Another thing to note is that the robo-advisor only ‘manages’ your money. It doesn’t actually ‘have’ your money. This means that when you open an account, you do so with an established custody bank. This bank has a formal agreement with the online robo-advisor platform to let it ‘manage’ how the money gets invested.

So in the unlikely event that the robo-advisor would go bankrupt or otherwise disappear, your investments would still be safely seating with the custodian bank.

Now let’s take our usual ‘investing’ worries one by one and see how we can address them with an online robo-advisor.


1) I don't know how to start investing

Online robo-advisors are probably one of the easiest ways to get started with investing.

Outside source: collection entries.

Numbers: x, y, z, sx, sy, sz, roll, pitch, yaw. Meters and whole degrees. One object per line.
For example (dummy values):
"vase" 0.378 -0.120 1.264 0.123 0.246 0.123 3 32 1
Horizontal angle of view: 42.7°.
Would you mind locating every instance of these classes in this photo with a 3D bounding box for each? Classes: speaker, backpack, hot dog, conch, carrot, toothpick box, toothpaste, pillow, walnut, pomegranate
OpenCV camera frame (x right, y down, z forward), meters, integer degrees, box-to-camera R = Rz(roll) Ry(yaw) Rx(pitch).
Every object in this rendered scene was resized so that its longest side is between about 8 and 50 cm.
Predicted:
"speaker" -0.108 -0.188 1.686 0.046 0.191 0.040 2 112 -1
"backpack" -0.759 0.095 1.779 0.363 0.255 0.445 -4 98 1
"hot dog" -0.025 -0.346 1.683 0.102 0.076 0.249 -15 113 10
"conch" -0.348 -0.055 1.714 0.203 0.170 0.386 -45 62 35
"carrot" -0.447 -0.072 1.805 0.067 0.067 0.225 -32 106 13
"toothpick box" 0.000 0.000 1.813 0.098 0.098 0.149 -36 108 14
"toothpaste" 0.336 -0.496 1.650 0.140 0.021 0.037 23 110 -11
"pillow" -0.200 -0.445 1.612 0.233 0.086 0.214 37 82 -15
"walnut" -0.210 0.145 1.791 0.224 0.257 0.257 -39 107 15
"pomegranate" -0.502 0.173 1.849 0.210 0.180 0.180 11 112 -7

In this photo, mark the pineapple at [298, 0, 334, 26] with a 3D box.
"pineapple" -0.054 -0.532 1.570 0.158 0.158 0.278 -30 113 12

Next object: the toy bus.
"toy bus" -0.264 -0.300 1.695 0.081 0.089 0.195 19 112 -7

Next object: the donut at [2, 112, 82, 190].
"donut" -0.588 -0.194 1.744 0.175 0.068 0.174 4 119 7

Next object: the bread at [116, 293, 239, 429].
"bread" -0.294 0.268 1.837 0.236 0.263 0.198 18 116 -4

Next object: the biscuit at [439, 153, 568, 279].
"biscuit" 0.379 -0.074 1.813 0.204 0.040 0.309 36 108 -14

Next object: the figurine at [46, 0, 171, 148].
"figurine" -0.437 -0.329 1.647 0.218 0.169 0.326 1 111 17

The only hurdle is probably to choose which robo-advisor you want to use. There are about 30 of them active in Europe alone, so it might be a little daunting to search for the right one.

But do worry no more! I created for you a comparison sheet of European robo-advisors in my FREE Resources Library, which you can access here.

On there, you will find the countries in which each robo-advisor is active, what are the minimum investment required, their fees, and so forth. So review that list and pick the one that is right for you!

Then, go to the robo-advisor ‘open an account’ webpage to fill in the paperwork online.

For a few of them, you might have to send them your original passport or a certified copy of it. Or you might have to print the paperwork, sign it and send it per post along with identification documents.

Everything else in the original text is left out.